Notably, a closer examination of the distribution of cells profiled by each protocol within the T and B cell clusters reveals genes expected to be technologyspecific. For instance, the TRBV, TRAV and IGHV genes are captured by the 5′kit, while TRAC instead mainly appears in the cells from the 3′kit (Figure 2d). This is concordant with the fact that the detection efficiency of different regions of T and B cell receptors is the main difference between the two methods. As such, BBKNN performs excellent batch alignment for this data. BBKNN succeeds in allowing inference of a cluster structure that correctly captures the primary populations present in the data, while simultaneously retaining the protocol-driven biological differences in the relevant cell types.

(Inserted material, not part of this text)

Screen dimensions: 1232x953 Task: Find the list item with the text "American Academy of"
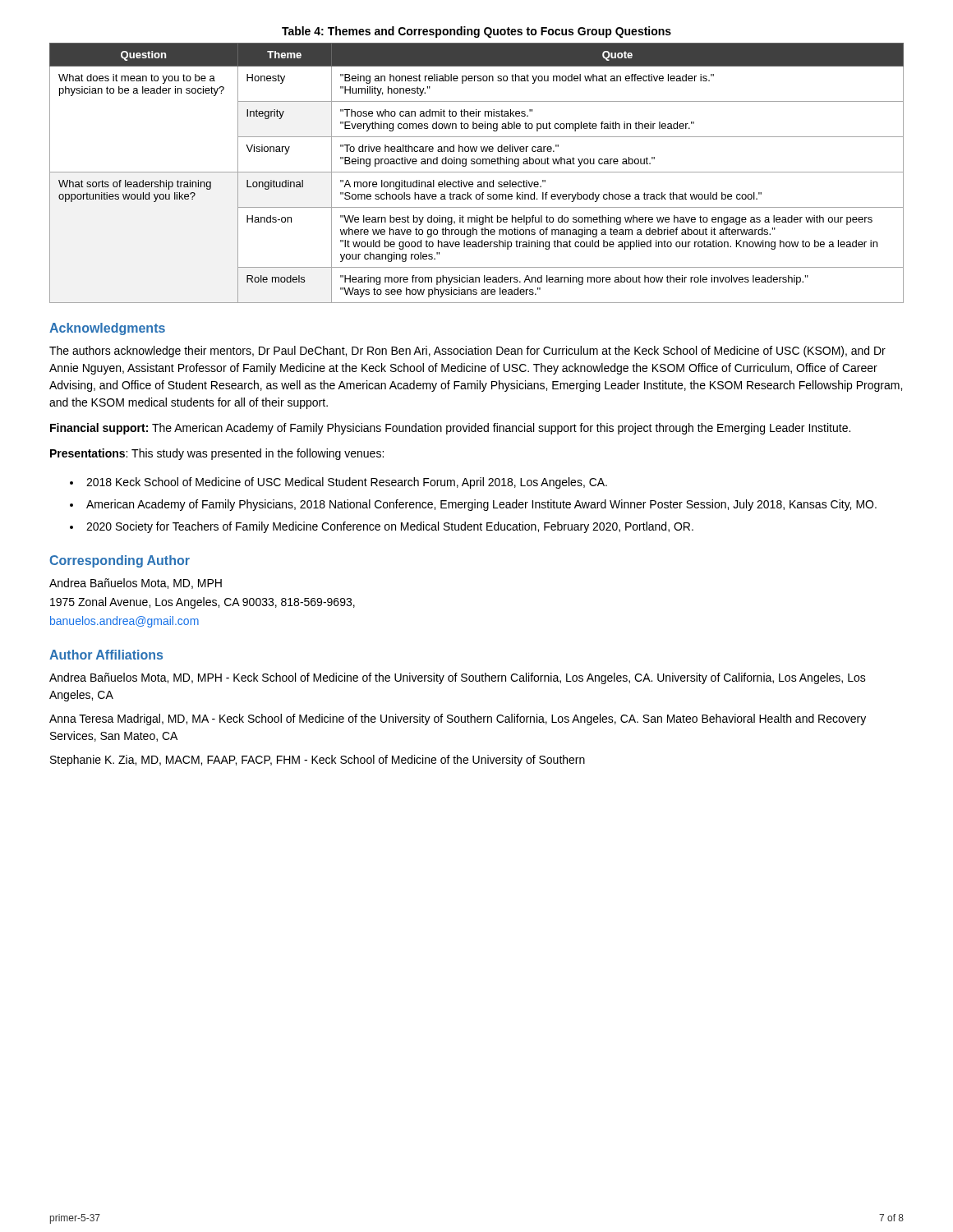(x=482, y=504)
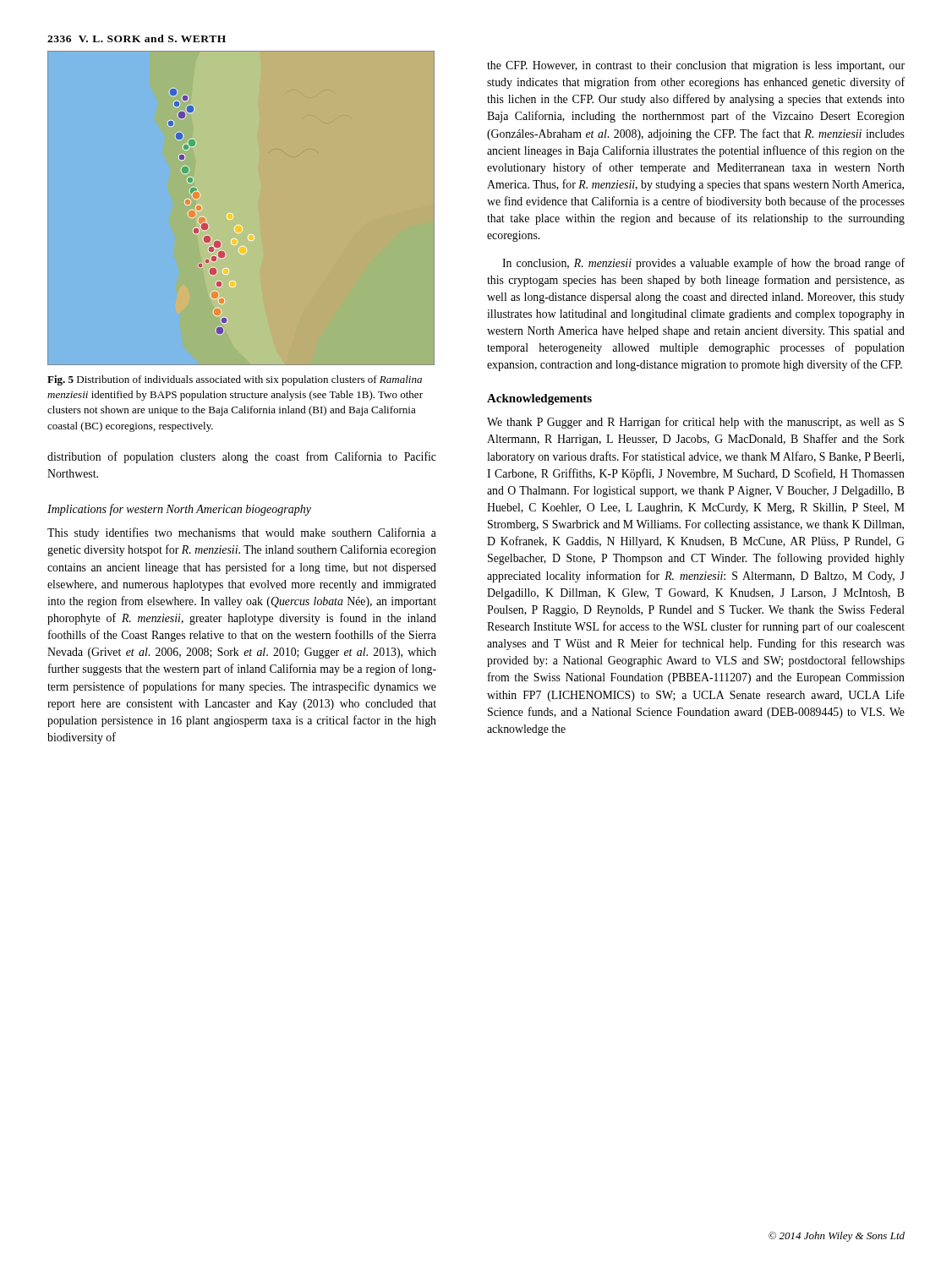
Task: Find the text block starting "We thank P Gugger and R Harrigan for"
Action: point(696,576)

2.3 Aligning Four Pancreatic Datasets from Diverse Technologies
Having demonstrated BBKNN’s ability to successfully merge cell populations from different droplet protocols, the algorithm was applied to a more diverse collection of publicly available pancreatic single cell data21–24. The experiments came from four independent studies, and were performed using a combination of both droplet32 and plate33,34 based methods. With around 15,000 cells in total between the four datasets, and a known shared biology captured in a set of standardised annotations25, the data provides a perfect testing ground to evaluate BBKNN. We compare its performance to the established batch correction methods mnnCorrect12, CCA13 and Scanorama14.

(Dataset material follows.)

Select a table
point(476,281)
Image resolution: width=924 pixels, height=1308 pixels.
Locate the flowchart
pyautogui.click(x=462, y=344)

Figure 3a demonstrates a UMAP visualisation of the data without any attempt to remove the batch effect. A very clear separation can be seen based on the experiment of origin: while cells cluster together based on cell type within batches, corresponding cells across batches are widely scattered. The major cell types in the pancreatic islets are four endocrine cell populations: alpha, beta, gamma and delta. Additional smaller populations include stellate cells, mast cells and macrophages. An interesting point is that the gamma and delta pancreatic cells are already merged within the datasets at this stage.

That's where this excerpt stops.